# Records for this exercise
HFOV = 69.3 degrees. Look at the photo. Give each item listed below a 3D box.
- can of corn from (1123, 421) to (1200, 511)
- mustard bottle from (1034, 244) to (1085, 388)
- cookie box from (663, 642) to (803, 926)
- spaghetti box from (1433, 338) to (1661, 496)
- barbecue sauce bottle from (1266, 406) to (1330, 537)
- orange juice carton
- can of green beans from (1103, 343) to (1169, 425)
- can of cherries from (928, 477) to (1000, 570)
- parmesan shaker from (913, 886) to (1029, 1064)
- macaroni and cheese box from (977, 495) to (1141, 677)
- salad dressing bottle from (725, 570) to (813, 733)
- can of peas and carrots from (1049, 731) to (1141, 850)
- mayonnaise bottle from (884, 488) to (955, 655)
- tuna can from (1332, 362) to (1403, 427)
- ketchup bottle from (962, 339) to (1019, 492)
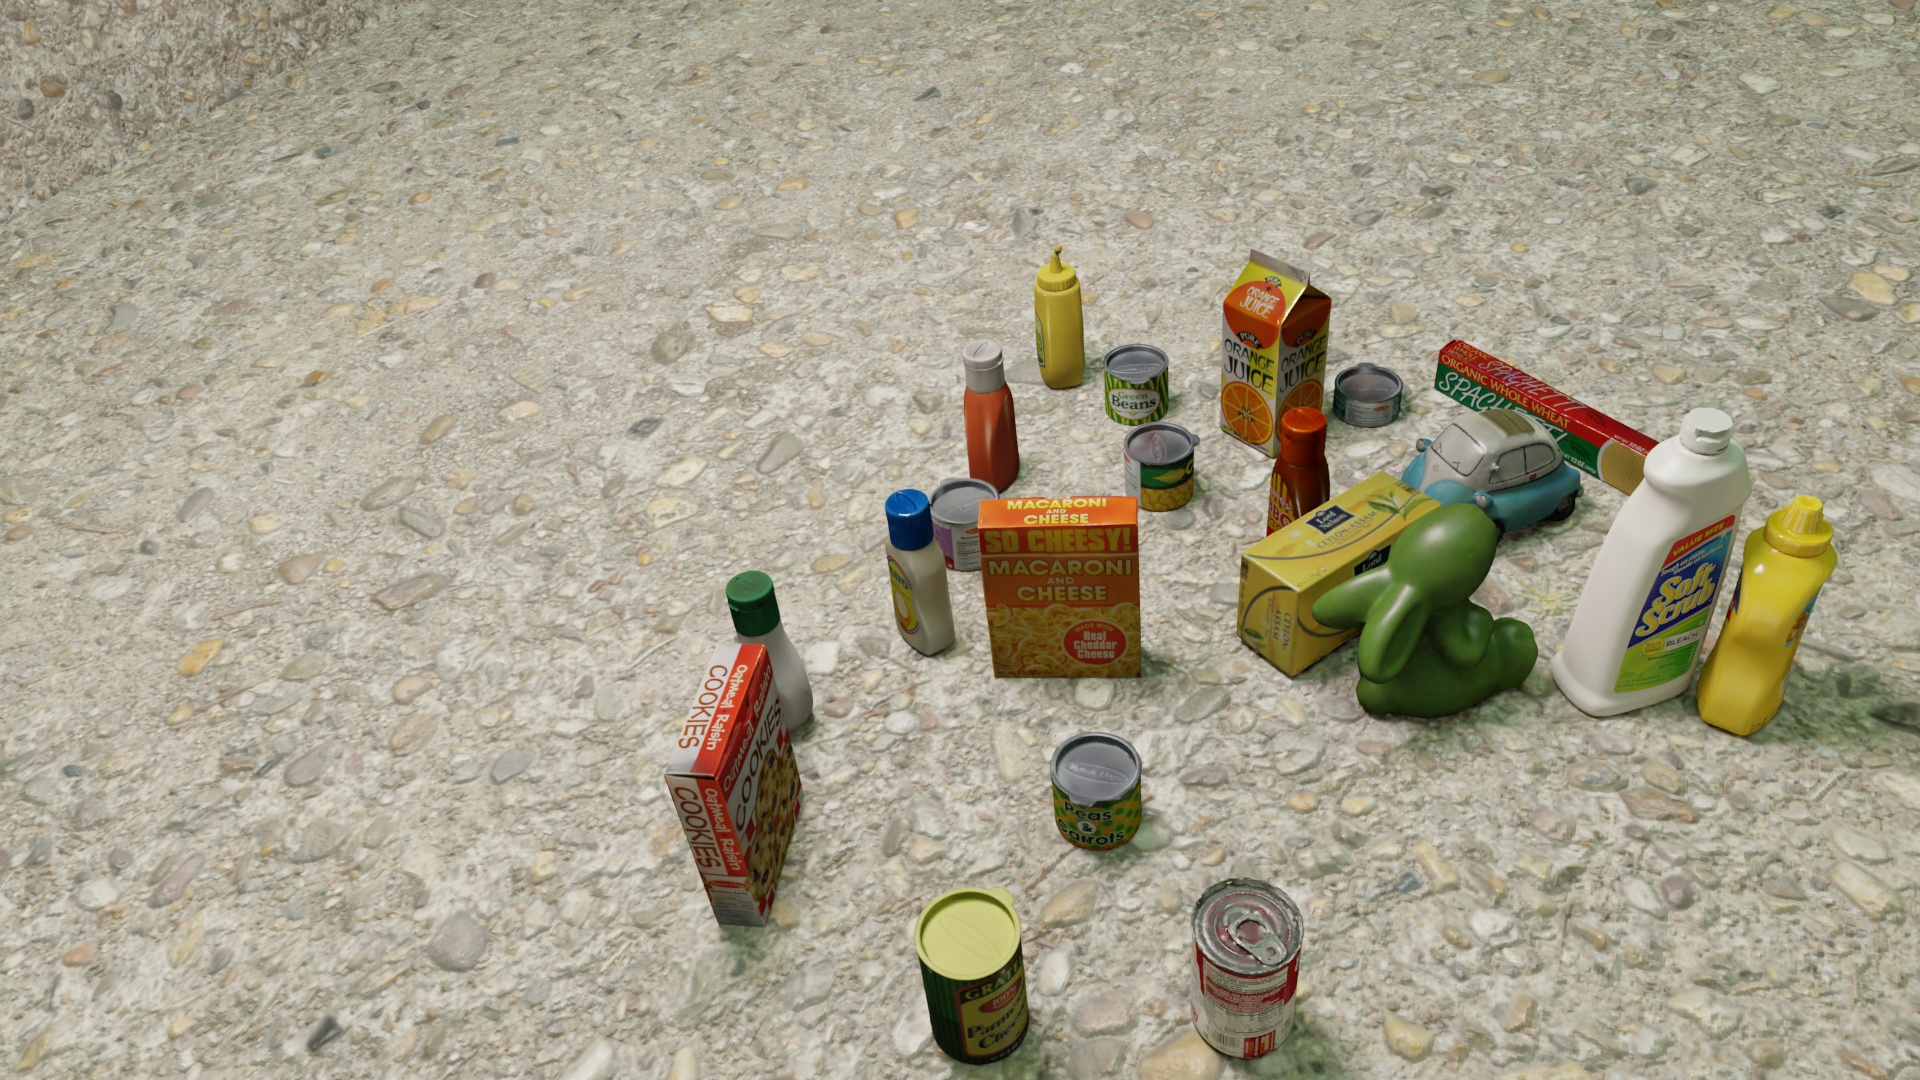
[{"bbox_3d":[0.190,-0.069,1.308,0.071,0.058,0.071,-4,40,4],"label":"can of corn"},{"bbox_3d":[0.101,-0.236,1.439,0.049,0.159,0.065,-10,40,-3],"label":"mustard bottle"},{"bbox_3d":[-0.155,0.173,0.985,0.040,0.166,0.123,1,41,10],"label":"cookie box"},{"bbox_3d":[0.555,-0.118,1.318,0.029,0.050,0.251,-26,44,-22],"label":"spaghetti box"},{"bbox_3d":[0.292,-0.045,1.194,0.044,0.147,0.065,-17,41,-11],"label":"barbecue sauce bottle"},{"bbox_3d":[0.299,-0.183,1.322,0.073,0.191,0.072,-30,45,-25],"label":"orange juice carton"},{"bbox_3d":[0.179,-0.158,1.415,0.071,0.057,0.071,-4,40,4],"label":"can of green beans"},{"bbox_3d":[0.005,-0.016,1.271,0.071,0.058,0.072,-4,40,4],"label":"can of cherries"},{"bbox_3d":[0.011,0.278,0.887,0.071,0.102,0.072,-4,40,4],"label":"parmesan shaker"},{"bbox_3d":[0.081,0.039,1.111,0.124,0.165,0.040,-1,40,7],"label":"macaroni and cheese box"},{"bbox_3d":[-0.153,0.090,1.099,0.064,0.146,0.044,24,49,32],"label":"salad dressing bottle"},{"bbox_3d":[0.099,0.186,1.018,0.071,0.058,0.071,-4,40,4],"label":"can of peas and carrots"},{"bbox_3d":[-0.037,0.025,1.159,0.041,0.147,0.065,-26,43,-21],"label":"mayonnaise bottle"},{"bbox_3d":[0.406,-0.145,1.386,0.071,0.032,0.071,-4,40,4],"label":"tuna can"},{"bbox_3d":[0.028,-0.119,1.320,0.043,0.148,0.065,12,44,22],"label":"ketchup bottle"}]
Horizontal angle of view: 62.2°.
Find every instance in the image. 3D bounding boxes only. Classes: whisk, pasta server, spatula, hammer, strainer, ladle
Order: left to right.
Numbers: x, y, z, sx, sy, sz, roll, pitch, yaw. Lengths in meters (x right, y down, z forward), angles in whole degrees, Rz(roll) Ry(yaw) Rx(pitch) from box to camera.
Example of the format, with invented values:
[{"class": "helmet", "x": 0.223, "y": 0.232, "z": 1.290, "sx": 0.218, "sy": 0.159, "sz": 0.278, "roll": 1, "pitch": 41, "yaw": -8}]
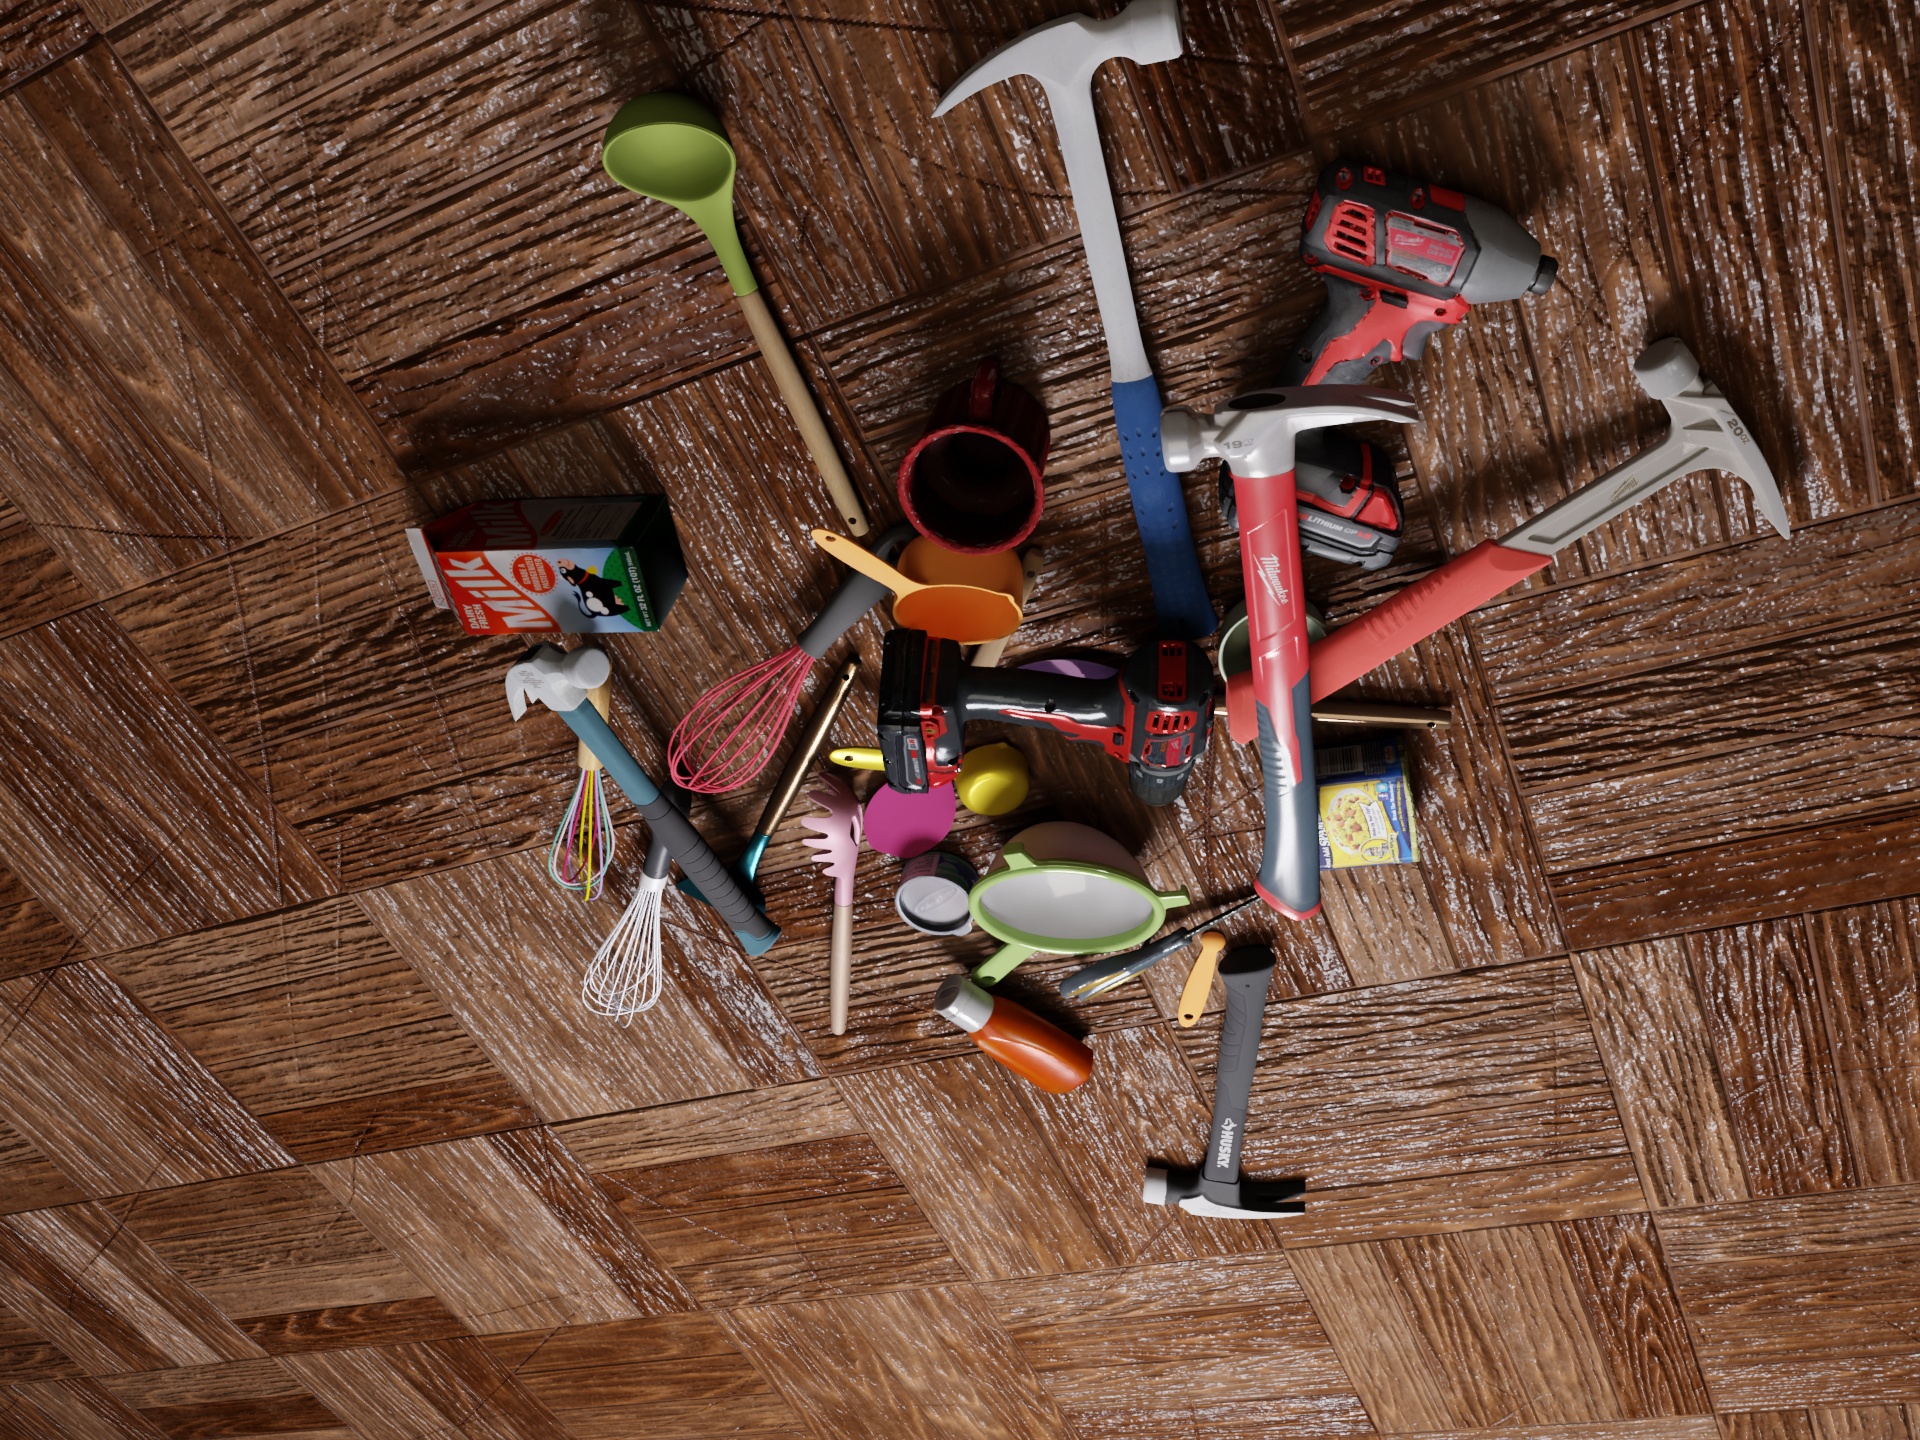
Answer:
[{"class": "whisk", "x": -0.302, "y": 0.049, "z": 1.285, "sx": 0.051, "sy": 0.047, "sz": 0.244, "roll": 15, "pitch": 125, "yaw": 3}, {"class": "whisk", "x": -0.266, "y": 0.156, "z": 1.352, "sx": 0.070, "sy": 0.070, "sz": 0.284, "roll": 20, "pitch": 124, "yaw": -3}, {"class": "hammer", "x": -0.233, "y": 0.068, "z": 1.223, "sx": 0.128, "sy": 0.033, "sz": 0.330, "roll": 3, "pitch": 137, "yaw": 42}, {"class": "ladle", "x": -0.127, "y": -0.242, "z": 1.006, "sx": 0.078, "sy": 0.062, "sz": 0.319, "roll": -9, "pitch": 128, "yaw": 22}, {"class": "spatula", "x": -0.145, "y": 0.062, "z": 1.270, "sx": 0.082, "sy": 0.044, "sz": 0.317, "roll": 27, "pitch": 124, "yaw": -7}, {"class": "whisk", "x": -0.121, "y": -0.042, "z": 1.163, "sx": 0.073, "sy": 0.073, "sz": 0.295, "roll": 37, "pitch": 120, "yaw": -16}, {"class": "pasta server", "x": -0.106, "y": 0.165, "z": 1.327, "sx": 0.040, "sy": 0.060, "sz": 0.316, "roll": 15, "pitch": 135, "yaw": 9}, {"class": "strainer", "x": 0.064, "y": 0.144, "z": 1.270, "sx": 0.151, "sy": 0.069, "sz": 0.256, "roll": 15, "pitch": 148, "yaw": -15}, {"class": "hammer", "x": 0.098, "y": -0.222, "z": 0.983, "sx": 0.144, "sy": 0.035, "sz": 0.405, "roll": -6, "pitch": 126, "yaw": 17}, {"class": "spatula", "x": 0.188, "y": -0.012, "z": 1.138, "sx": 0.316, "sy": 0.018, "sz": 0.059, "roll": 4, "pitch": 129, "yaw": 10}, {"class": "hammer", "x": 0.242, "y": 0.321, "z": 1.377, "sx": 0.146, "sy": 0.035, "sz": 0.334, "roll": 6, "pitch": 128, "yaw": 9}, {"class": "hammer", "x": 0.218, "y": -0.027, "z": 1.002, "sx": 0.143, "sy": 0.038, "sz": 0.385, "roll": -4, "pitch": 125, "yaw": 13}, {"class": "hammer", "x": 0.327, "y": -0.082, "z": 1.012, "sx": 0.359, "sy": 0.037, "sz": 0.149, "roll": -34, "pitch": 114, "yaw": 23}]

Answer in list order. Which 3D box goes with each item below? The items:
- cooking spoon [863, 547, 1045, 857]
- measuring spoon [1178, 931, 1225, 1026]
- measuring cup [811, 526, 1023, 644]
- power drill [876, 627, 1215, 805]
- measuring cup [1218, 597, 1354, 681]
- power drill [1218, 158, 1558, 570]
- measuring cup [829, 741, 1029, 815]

# Exercise goal
Reproducing the whole listing above is not the task. Copy exactly only the lines from the one with "- mayonnaise bottle" to the one with "- tuna can from (1332, 362) to (1403, 427)", both kept.

# Problem solution
- mayonnaise bottle from (884, 488) to (955, 655)
- tuna can from (1332, 362) to (1403, 427)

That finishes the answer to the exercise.